▶ WHAT YOU WILL DO: Your answer is the lines below, exactly, from the one that contains "40) cardboard box <box>0,941,94,1079</box>" through the one that contains "54) cardboard box", both included.

▶ EXTRACTED MATERIAL:
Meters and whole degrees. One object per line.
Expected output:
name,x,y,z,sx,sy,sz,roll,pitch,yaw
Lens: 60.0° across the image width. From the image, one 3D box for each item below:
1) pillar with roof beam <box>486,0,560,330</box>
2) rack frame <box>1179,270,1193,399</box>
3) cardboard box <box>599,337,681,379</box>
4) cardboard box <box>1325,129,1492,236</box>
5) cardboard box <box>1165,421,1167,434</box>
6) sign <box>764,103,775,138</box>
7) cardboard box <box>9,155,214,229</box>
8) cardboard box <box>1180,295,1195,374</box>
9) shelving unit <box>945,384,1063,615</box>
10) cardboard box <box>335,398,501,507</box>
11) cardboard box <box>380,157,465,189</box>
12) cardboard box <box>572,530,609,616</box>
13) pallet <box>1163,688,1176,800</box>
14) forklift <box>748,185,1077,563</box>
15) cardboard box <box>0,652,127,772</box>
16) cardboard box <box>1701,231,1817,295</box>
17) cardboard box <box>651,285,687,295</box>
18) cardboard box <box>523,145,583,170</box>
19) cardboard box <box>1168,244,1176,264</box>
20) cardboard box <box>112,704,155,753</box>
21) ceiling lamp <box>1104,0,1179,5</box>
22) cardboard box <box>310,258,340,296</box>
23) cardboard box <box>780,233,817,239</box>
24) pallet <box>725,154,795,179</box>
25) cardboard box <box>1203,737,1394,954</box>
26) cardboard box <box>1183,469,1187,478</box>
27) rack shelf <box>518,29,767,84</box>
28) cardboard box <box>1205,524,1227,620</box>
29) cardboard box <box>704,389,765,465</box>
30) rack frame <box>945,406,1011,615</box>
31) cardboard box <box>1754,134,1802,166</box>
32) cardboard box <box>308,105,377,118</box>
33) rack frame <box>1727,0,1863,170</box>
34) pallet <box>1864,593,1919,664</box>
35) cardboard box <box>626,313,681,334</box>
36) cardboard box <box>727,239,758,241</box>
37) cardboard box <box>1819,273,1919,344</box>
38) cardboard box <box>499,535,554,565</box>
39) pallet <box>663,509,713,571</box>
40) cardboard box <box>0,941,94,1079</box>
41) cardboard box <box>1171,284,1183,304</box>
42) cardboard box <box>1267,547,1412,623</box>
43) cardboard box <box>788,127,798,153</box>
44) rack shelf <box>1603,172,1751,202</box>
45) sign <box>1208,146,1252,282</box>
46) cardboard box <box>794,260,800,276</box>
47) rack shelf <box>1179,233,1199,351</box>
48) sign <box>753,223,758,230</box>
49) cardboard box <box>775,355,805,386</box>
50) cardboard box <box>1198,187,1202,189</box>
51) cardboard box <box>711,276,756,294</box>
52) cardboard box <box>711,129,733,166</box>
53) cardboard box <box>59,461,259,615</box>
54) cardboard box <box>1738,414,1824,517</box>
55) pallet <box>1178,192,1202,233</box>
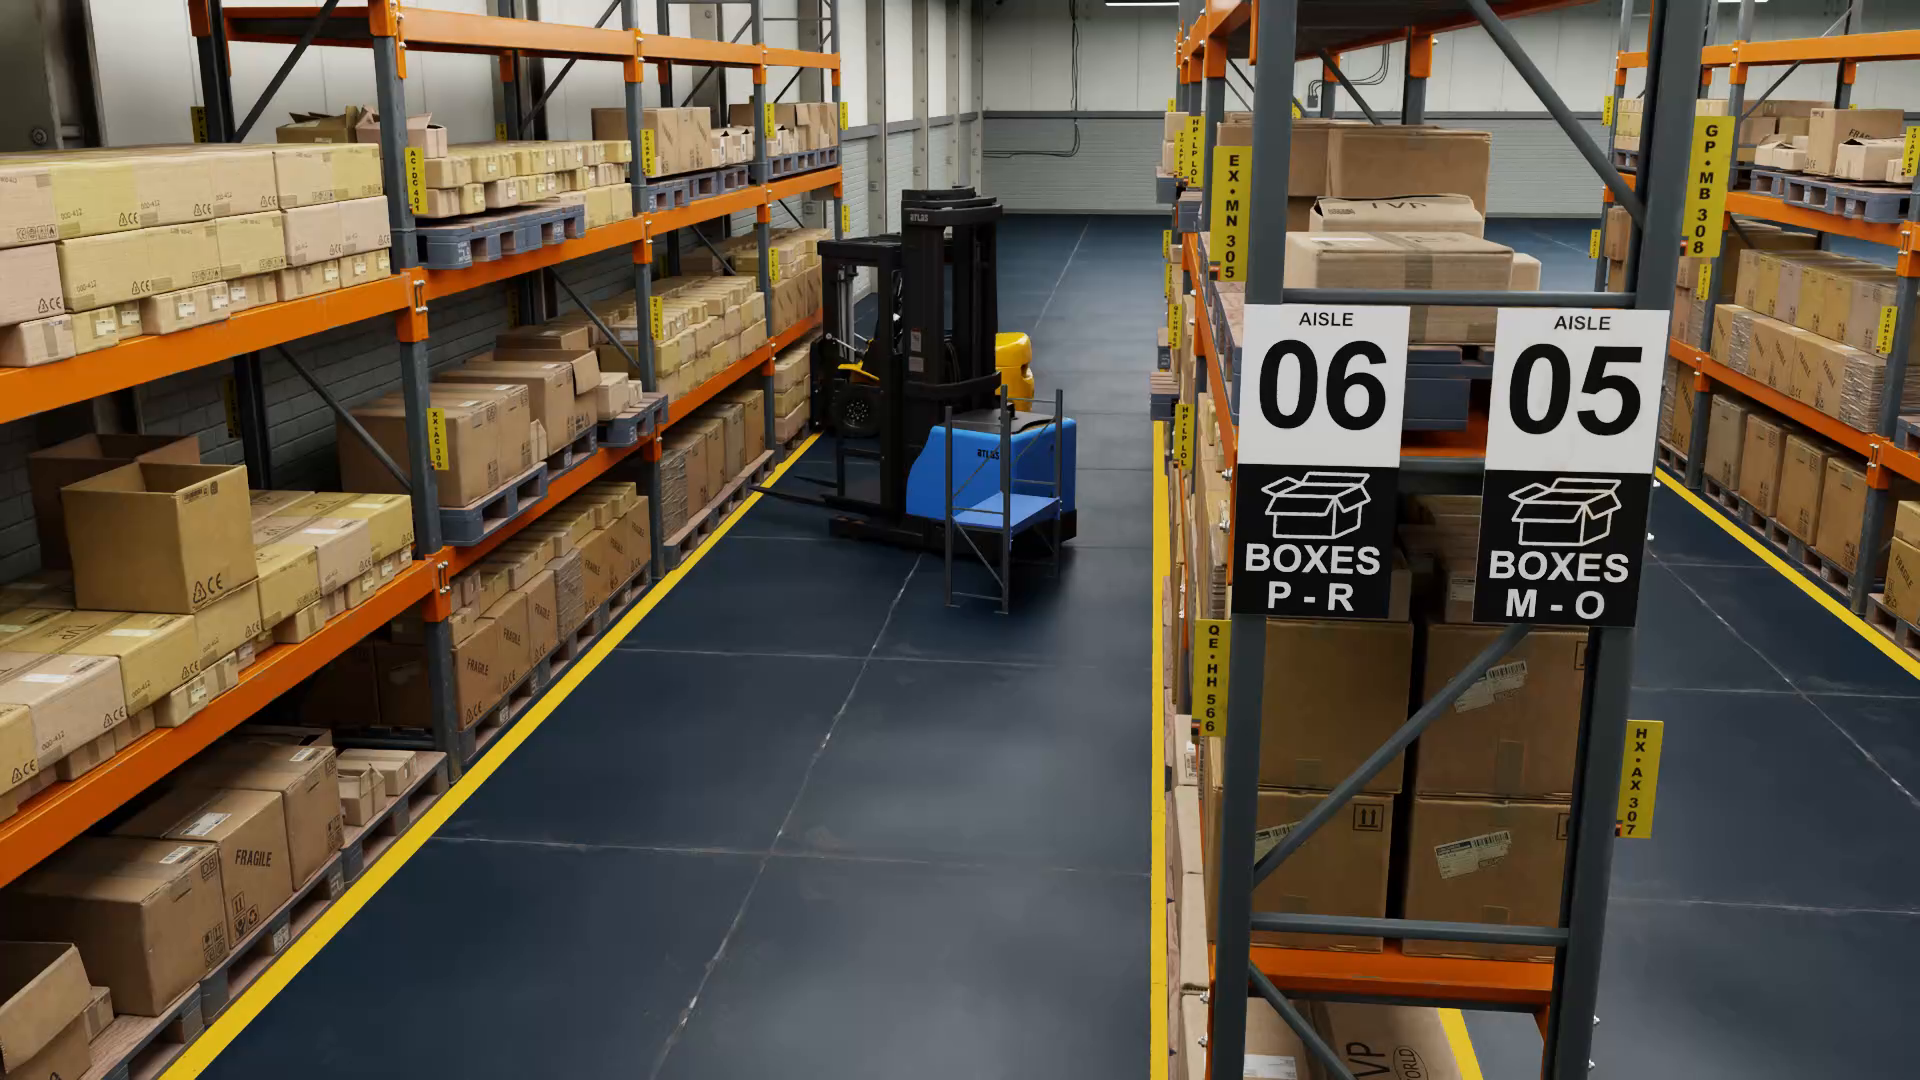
pillar with roof beam,0.702,-4.295,12.805,9.100,9.000,0.400,2,15,6
rack frame,2.106,-1.016,12.171,1.000,3.000,0.127,2,15,6
cardboard box,-2.509,-1.437,13.059,0.500,0.250,0.500,2,15,6
cardboard box,1.580,-1.206,5.943,0.500,0.500,0.500,2,15,7
cardboard box,2.407,-1.228,17.420,0.500,0.250,0.500,1,15,5
sign,-1.835,-4.034,15.995,0.100,0.325,0.005,2,15,6
cardboard box,-3.263,-1.349,6.417,0.500,0.250,0.500,2,15,8
cardboard box,1.807,-1.426,11.581,0.500,0.500,0.500,1,15,4
shelving unit,0.338,-0.329,12.507,0.538,1.500,1.048,7,17,24
cardboard box,-3.001,-0.493,9.244,0.700,0.500,0.500,2,15,8
cardboard box,-2.808,-1.909,8.645,0.380,0.149,0.250,2,15,8
cardboard box,-2.784,0.224,11.570,0.500,0.500,0.500,2,15,9
pallet,1.667,1.166,9.447,1.003,0.211,1.213,2,15,6
forklift,-0.509,-1.512,14.139,3.031,2.935,1.130,11,19,35
cardboard box,-3.354,0.602,5.905,0.500,0.250,0.500,2,15,7
cardboard box,7.563,-2.622,15.755,0.875,0.550,0.550,2,15,6
cardboard box,-2.748,-2.275,15.395,0.380,0.149,0.250,2,15,6
cardboard box,-2.692,-2.504,10.881,0.380,0.149,0.250,1,15,5
cardboard box,2.679,-3.168,19.369,0.500,0.500,0.500,1,15,5
cardboard box,-3.328,0.689,6.349,0.380,0.149,0.250,2,15,7
ceiling lamp,4.770,-15.434,42.818,2.000,3.185,0.800,2,15,6
cardboard box,-3.095,-1.215,7.645,0.380,0.149,0.250,2,15,8
cardboard box,-1.856,-3.446,19.154,0.380,0.149,0.250,2,15,7
pallet,-2.305,-3.825,16.986,1.003,0.211,1.213,2,15,6
cardboard box,0.995,0.878,4.976,0.500,0.500,0.500,2,15,7
cardboard box,1.564,-0.533,9.716,0.500,0.250,0.500,2,15,8
rack shelf,-2.601,-4.035,13.990,1.077,0.370,4.000,2,15,6
cardboard box,1.051,0.260,5.347,0.500,0.500,0.500,2,15,6
cardboard box,-2.423,-1.119,16.299,0.875,0.625,0.625,2,15,9
rack frame,0.128,-0.209,12.060,0.500,1.500,0.032,7,17,24
cardboard box,7.171,-3.418,14.572,0.258,0.266,0.396,1,15,5
cardboard box,-3.315,-2.196,8.910,0.396,0.266,0.258,2,15,6
rack frame,7.487,-4.829,14.783,1.000,3.000,0.127,2,15,6
pallet,6.946,0.653,11.344,1.003,0.211,1.213,2,15,6
cardboard box,-2.466,-1.733,13.390,0.380,0.149,0.250,2,15,8
cardboard box,-2.377,-3.260,18.466,0.380,0.149,0.250,2,15,7
cardboard box,7.208,-1.807,12.993,0.700,0.500,0.500,1,15,5
cardboard box,-2.887,0.071,10.895,0.380,0.149,0.250,2,15,6
pallet,-2.695,-0.027,13.858,1.003,0.211,1.213,2,15,6
cardboard box,-3.566,1.761,5.883,0.797,0.503,0.637,1,15,4
cardboard box,1.984,-1.802,13.512,0.500,0.500,0.500,1,15,2
cardboard box,1.045,0.116,4.636,0.380,0.149,0.250,2,15,7
cardboard box,-1.906,-4.208,17.494,0.396,0.266,0.258,1,15,5
rack shelf,7.713,-3.553,17.186,1.077,0.370,4.000,2,15,6
sign,0.665,-0.798,4.074,0.100,0.325,0.005,2,15,6
cardboard box,-1.916,-2.900,17.706,0.380,0.149,0.250,2,15,6
rack shelf,1.880,-1.598,9.955,1.077,0.370,4.000,2,15,6
sign,-2.475,-3.710,20.325,0.100,0.325,0.005,2,15,6
cardboard box,-1.941,-1.805,17.638,0.500,0.250,0.500,2,15,6
cardboard box,2.250,-2.910,13.233,0.797,0.503,0.637,2,15,6
cardboard box,-2.193,-2.465,16.096,0.380,0.149,0.250,2,15,8
cardboard box,-2.301,-3.460,14.640,0.500,0.311,0.500,1,15,4
cardboard box,-3.242,-0.018,6.763,0.500,0.500,0.500,2,15,8
cardboard box,7.394,-0.636,14.275,1.050,0.750,0.750,2,15,6
pallet,2.086,-2.204,11.181,1.213,0.211,1.003,2,15,9
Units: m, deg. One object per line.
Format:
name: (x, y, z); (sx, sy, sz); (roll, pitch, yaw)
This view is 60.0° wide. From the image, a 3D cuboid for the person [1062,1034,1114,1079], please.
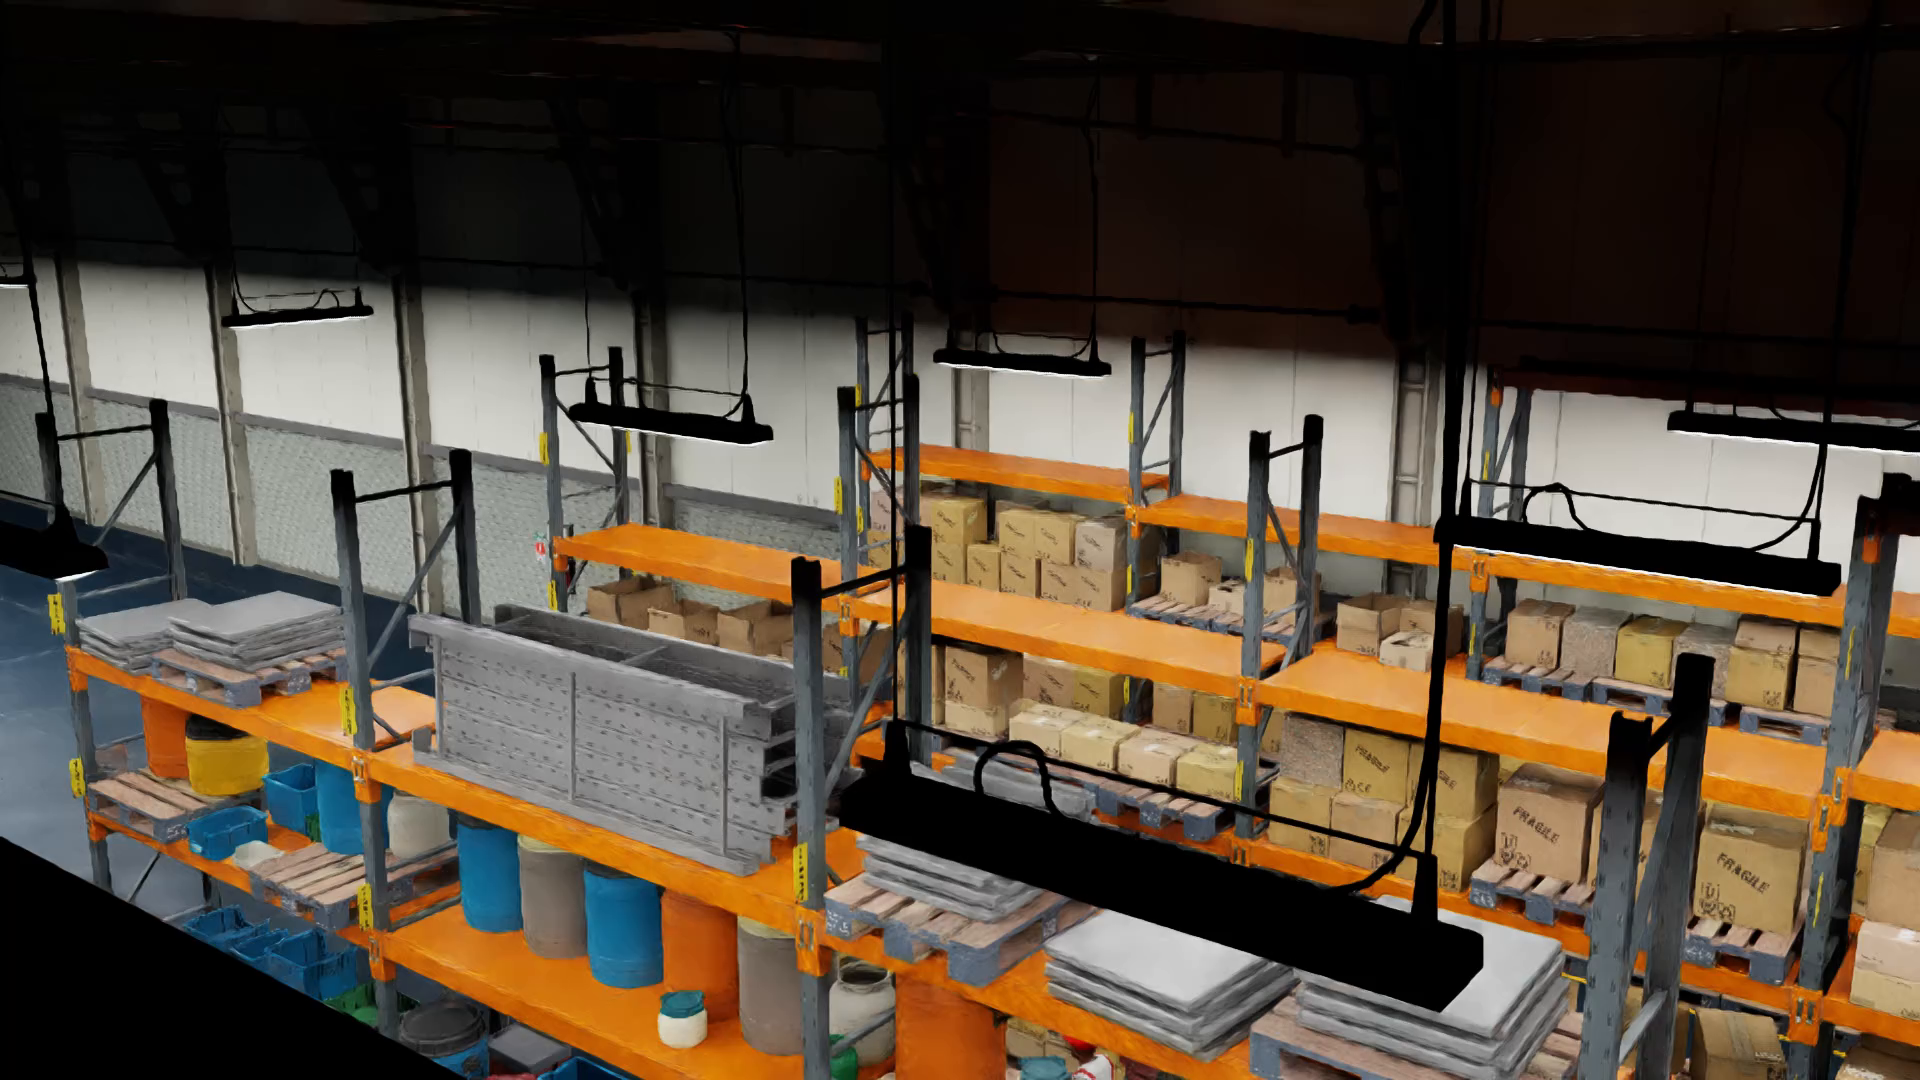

▶ WRITTEN RESPONSE:
40) cardboard box <box>0,941,94,1079</box>
41) cardboard box <box>1171,284,1183,304</box>
42) cardboard box <box>1267,547,1412,623</box>
43) cardboard box <box>788,127,798,153</box>
44) rack shelf <box>1603,172,1751,202</box>
45) sign <box>1208,146,1252,282</box>
46) cardboard box <box>794,260,800,276</box>
47) rack shelf <box>1179,233,1199,351</box>
48) sign <box>753,223,758,230</box>
49) cardboard box <box>775,355,805,386</box>
50) cardboard box <box>1198,187,1202,189</box>
51) cardboard box <box>711,276,756,294</box>
52) cardboard box <box>711,129,733,166</box>
53) cardboard box <box>59,461,259,615</box>
54) cardboard box <box>1738,414,1824,517</box>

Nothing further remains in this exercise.